Automatic Recognition of Buruli Ulcer Images on Smart Handheld Devices

Buruli ulcer (BU) disease is a devastating flesh eating bacterial infection that each year affects thousands of people in tropical and subtropical regions. Clinically, BU usually starts as a painless subcutaneous nodule, or as other pre-ulcer forms including papule, plaque, and edema; then it evolves into a painless ulcer, and finally leads to extensive scarring, contractures, and deformations with possible total loss of articulation function. However, treatment with antibiotics at an early stage has been very successful in preventing irreversible deformity and long-term functional disability. Therefore, an easily implemented and rapid diagnostic test that can detect the early stages of BU is of high research priority.

In this dissertation, a multistage computerized image-analysis system is proposed that can automatically detect BU in multispectral dermoscopic images. The specific contributions of this work focus on the development of techniques for precise lesion segmentation, efficient image sampling for feature extraction, and skin image modeling for accurate lesion classification.

For lesion segmentation, a new method is proposed based on fusion of the partial masks derived from separate segmentations of the color and luminance channels of BU images. This procedure outperformed other techniques when tested on a subset of 26 BU images where the ground truth of manual segmentation by domain expert physicians was known.

Internally the system represents BU lesions using the Bag-of-Features methodology, where image features are extracted from image patches. A new strategy for nonuniform image sampling was developed based on occurrence of contextual pixel saliency, whereby patches from dermoscopically interesting regions are sampled more densely. Experiments on a set of 197 images demonstrated an advantage of this method compared to classical grid or random sampling. To obtain more accurate statistics and address the problem of class imbalance due to the small number of BU images compared to non-BU controls in the dataset, a new resampling technique was developed, which increased the sample size of the minority class by splitting lesions in the data space, rather than synthesizing new samples in the feature space. Combined with the feature selection metric of Pearson correlation coefficient, this method resulted in a classifier with more discriminative power.

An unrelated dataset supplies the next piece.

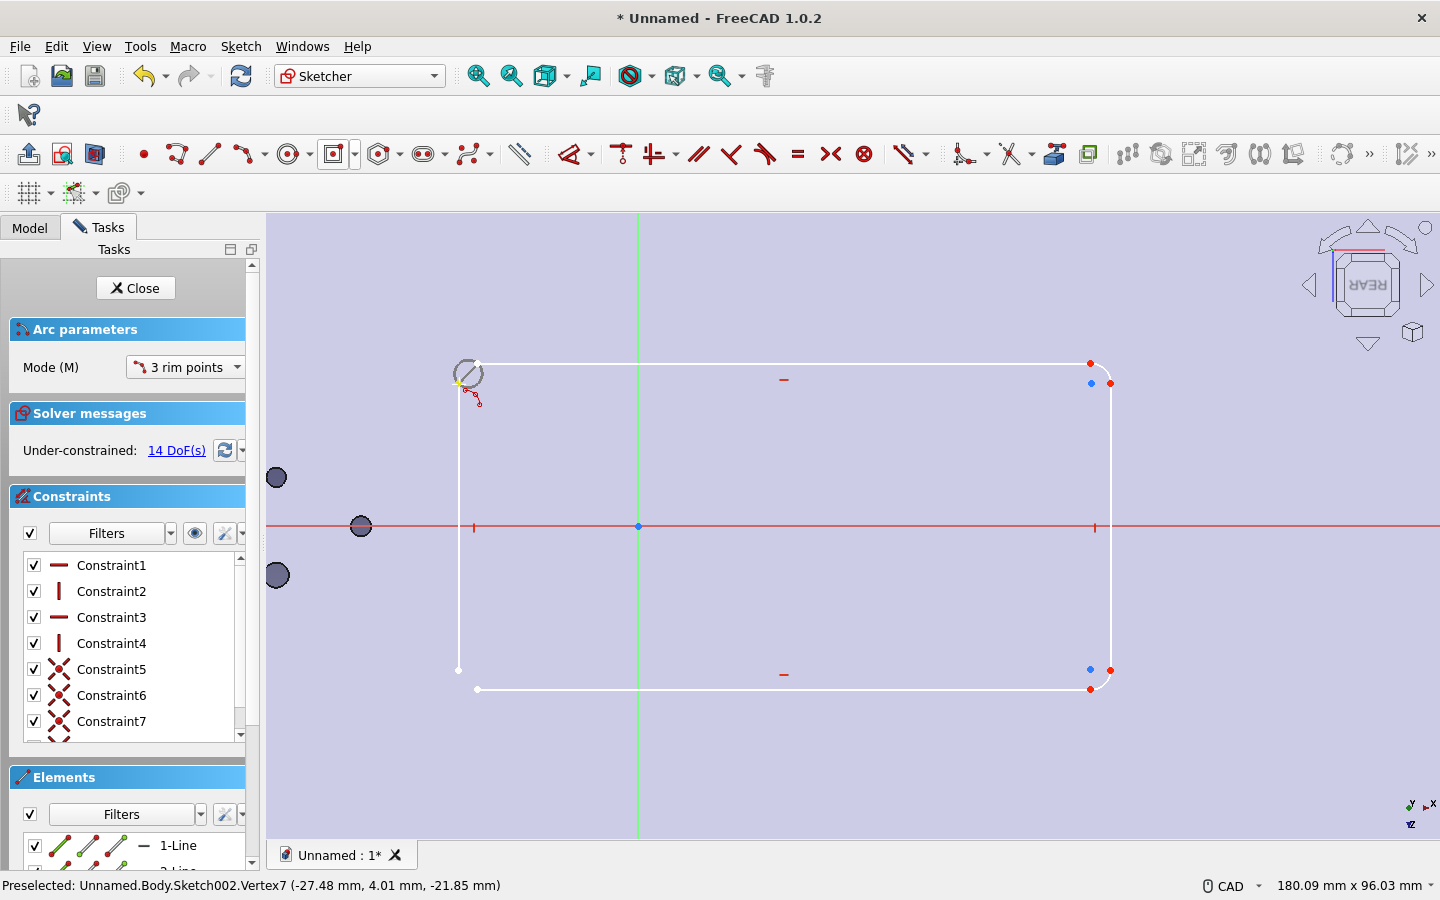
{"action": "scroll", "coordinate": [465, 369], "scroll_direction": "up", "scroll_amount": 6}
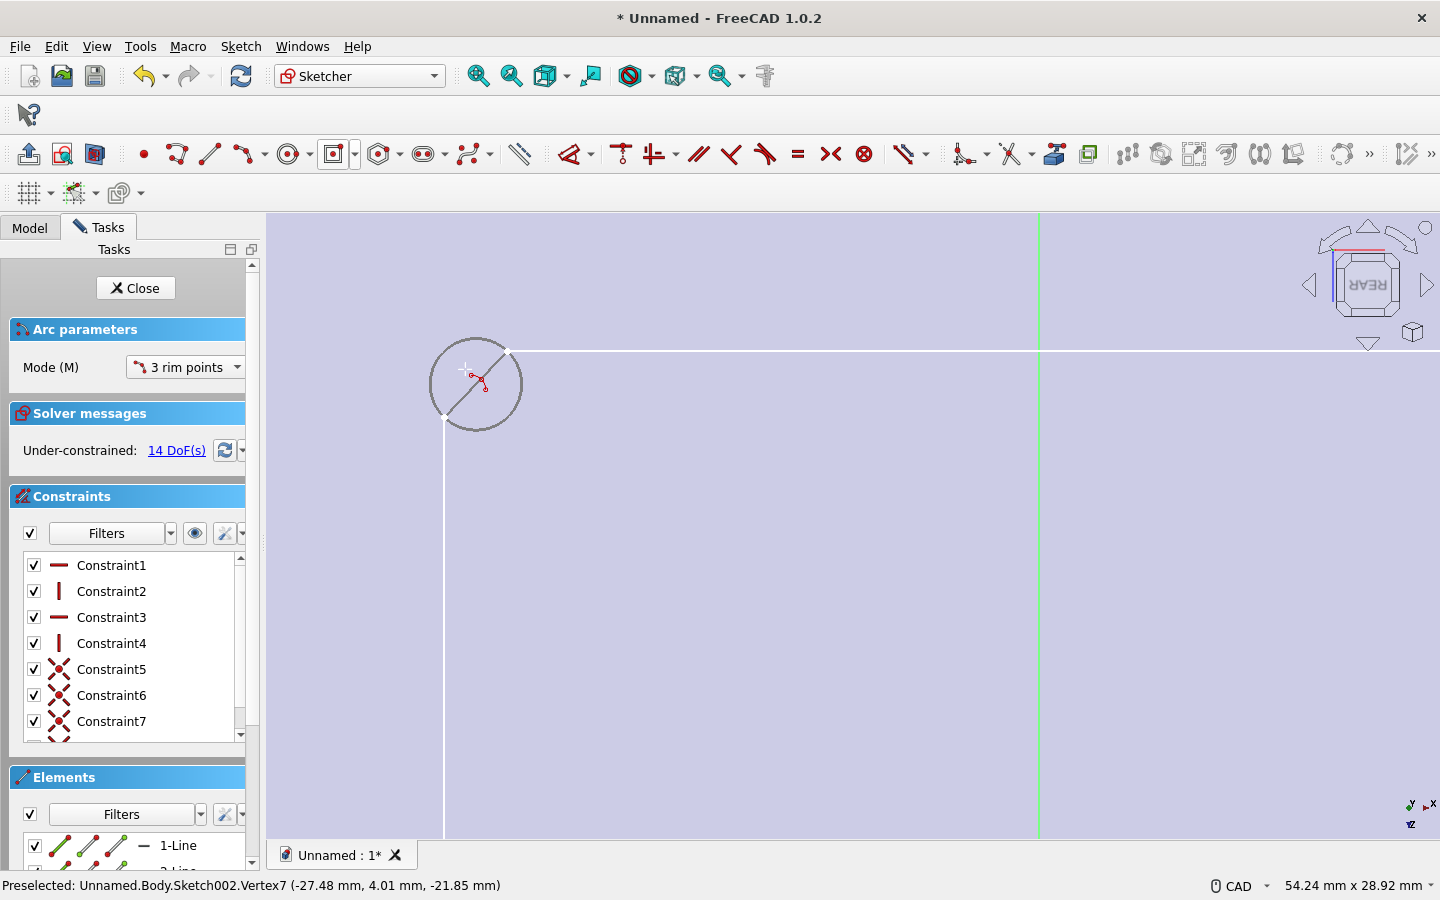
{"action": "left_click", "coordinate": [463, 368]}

Additionally, a new feature representation of the multispectral images based on optical skin modeling was proposed. In this method, the distribution of physiological characteristics of a lesion, such as melanin, blood volume, and blood oxygenation were estimated for all image pixels, and features were extracted from these reconstructed maps. Experimental results with a set of 197 multispectral images showed that the use of multispectral images provided a significant improvement in classification performance compared to classification based on single white light images. Finally, a modular stand-alone application that includes all system stages has been developed in Matlab that can be further implemented on smart handheld devices.